[Data for analysis]

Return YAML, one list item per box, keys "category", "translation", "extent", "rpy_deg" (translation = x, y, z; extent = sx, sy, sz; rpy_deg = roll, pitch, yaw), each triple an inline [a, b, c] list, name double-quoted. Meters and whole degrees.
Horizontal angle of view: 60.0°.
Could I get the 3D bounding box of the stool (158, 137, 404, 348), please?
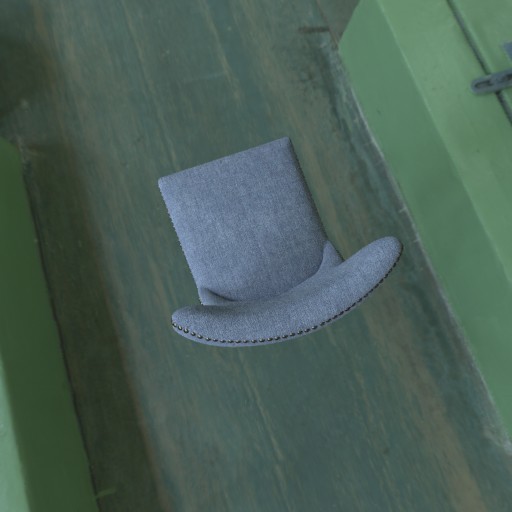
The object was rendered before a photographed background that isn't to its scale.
- category: "stool"
  translation: [0.000, 0.000, 1.445]
  extent: [0.494, 1.123, 0.606]
  rpy_deg: [-19, 77, -5]
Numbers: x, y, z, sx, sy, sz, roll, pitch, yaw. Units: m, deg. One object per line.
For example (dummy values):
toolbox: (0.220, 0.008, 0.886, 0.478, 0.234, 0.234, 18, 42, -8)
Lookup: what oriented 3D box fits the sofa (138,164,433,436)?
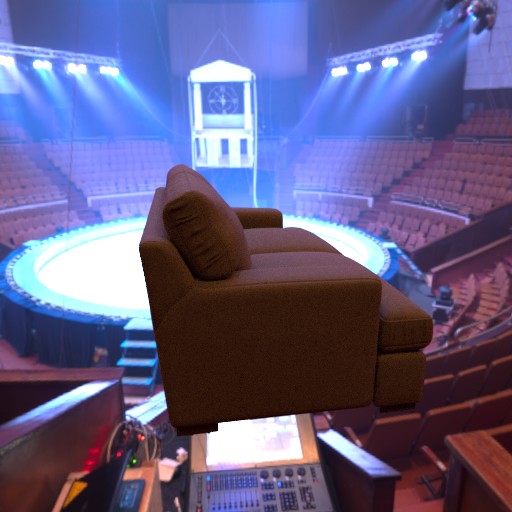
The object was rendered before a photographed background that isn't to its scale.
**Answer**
sofa: (0.000, 0.000, 2.506, 1.140, 0.950, 1.869, -3, 15, -10)
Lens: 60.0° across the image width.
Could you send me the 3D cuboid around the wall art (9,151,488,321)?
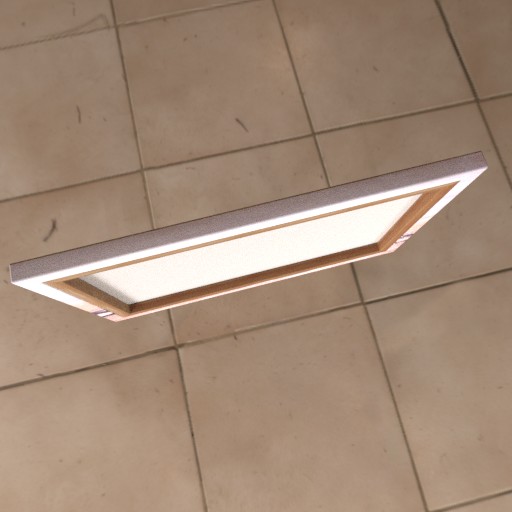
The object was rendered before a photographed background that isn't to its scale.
[{"bbox_3d":[0.000,0.000,1.118,0.913,0.609,0.038,-14,76,-4],"label":"wall art"}]
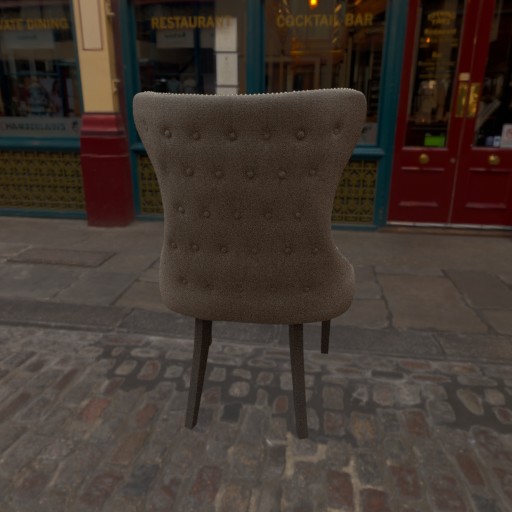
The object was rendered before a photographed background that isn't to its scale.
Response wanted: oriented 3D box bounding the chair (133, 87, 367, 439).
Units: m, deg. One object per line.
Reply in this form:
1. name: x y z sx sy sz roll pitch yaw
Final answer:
1. chair: 0.000 0.000 1.405 0.628 0.967 0.635 2 17 7
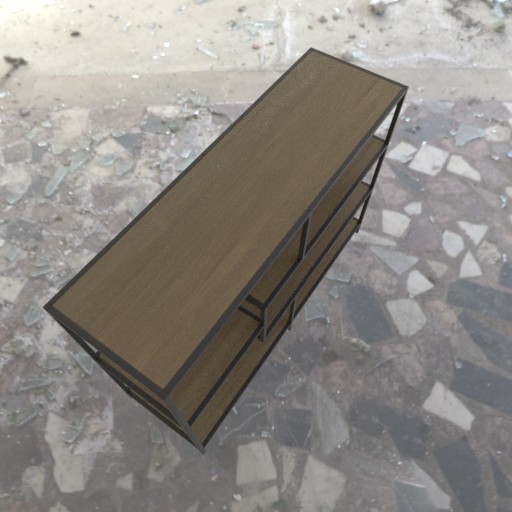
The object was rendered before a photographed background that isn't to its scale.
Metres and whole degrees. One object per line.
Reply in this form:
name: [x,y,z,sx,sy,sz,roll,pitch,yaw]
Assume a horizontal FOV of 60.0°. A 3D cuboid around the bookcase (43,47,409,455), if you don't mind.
bookcase: [0.000,0.000,1.495,0.350,0.780,1.140,31,63,17]

[/Data for analysis]

- **Work to complete**
When you repeat the material, keep every word exact and drop the pictures.

- **Result of this exercise**
Return YAML, one list item per box, keys "category", "translation", "extent", "rpy_deg" (translation = x, y, z; extent = sx, sy, sz; rpy_deg = roll, pitch, yaw), each triple an inline [a, b, c] list, name double-quoted. Meters and whole degrees.
Horizontal angle of view: 60.0°.
Could I get the 3D bounding box of the stool (158, 137, 404, 348), please?
The object was rendered before a photographed background that isn't to its scale.
- category: "stool"
  translation: [0.000, 0.000, 1.445]
  extent: [0.494, 1.123, 0.606]
  rpy_deg: [-19, 77, -5]
Numbers: x, y, z, sx, sy, sz, roll, pitch, yaw. Units: m, deg. One object per line.
For example (dummy values):
toolbox: (0.220, 0.008, 0.886, 0.478, 0.234, 0.234, 18, 42, -8)
Lookup: what oriented 3D box fits the sofa (138,164,433,436)?
The object was rendered before a photographed background that isn't to its scale.
**Answer**
sofa: (0.000, 0.000, 2.506, 1.140, 0.950, 1.869, -3, 15, -10)
Lens: 60.0° across the image width.
Could you send me the 3D cuboid around the wall art (9,151,488,321)?
The object was rendered before a photographed background that isn't to its scale.
[{"bbox_3d":[0.000,0.000,1.118,0.913,0.609,0.038,-14,76,-4],"label":"wall art"}]
The object was rendered before a photographed background that isn't to its scale.
Response wanted: oriented 3D box bounding the chair (133, 87, 367, 439).
Units: m, deg. One object per line.
Reply in this form:
1. name: x y z sx sy sz roll pitch yaw
Final answer:
1. chair: 0.000 0.000 1.405 0.628 0.967 0.635 2 17 7
The object was rendered before a photographed background that isn't to its scale.
Metres and whole degrees. One object per line.
Reply in this form:
name: [x,y,z,sx,sy,sz,roll,pitch,yaw]
Assume a horizontal FOV of 60.0°. A 3D cuboid around the bookcase (43,47,409,455), if you don't mind.
bookcase: [0.000,0.000,1.495,0.350,0.780,1.140,31,63,17]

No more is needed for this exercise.